Spartacus Rugby
- Full name: Spartacus Rugby Union Football Club
- Sport: Rugby Union
- Founded: 1968
- League: Allsvenskan
- Home ground: Partille (capacity: 1000)
- Anthem: "Spartacus, Superstars"
- President: Emanuel Gustavsson
- Head coach: Jonas Ahl
- Captain: James Halpin
- Motto: "Victory or Valhalla"

Strip
- Red-and-white hooped Jersey, white shorts, red socks

= Spartacus Rugby Club =

Rugby club in Gothenburg, Sweden

Spartacus Rugby Union Football Club, is a Rugby Union team in Gothenburg, Sweden, playing in the top Swedish League.

== History ==

Spartacus Rugby Union Football Club was founded in 1968. At the helm were Göran Olsson, John Phelan and Willard Sartre. Then, Spartacus only had a senior men's team. It is the same today, but in recent years they also have had success in ladies and youth teams.

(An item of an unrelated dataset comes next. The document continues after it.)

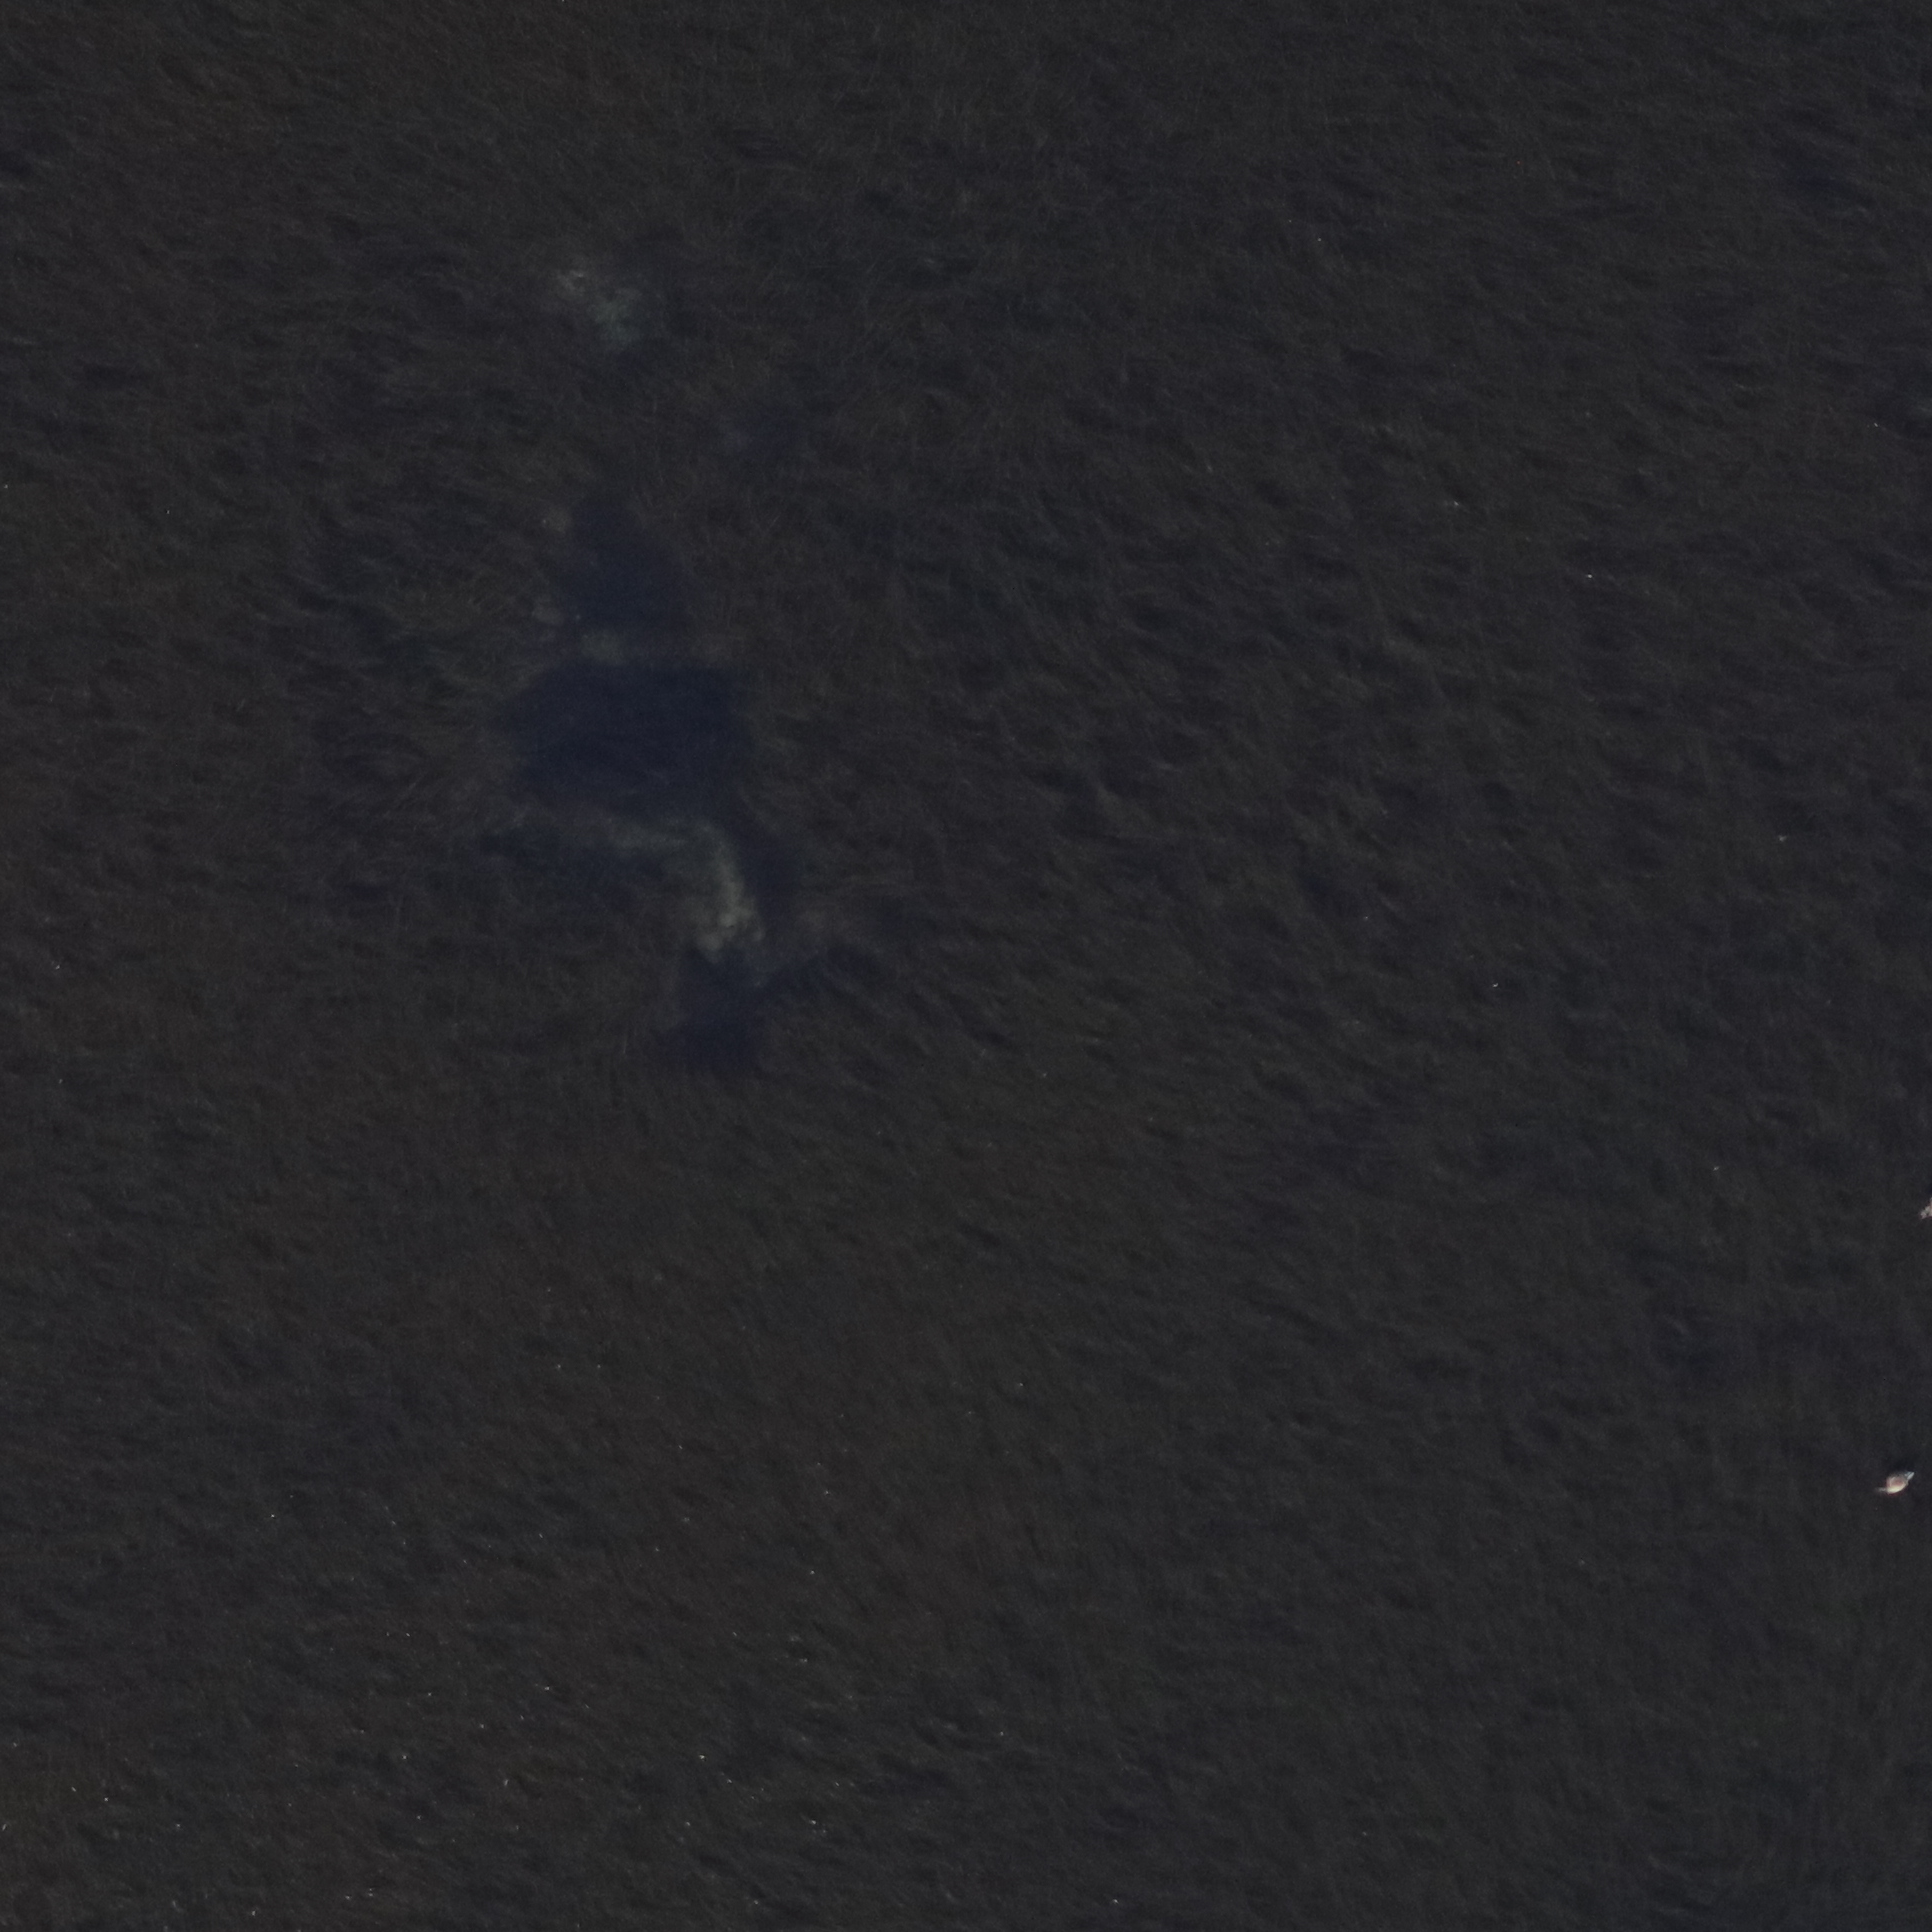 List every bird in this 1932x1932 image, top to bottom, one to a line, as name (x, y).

brant (1896, 1480)

Spartacus Rugby Club has undergone periods of generational transition at senior level, with many players progressing through the club's youth academy. The senior squad has also included international players from countries such as England, Ireland, France, New Zealand, and Fiji. In early 2006, the club appointed Jonas Ahl as head coach; at the time, he also served as coach of the Swedish women's national rugby team. Under his leadership, Spartacus earned promotion to the Allsvenskan, the highest division in Swedish rugby.

== Colours and Jumper ==

Spartacus wear a red and white hooped jersey (same as the Japanese National Team).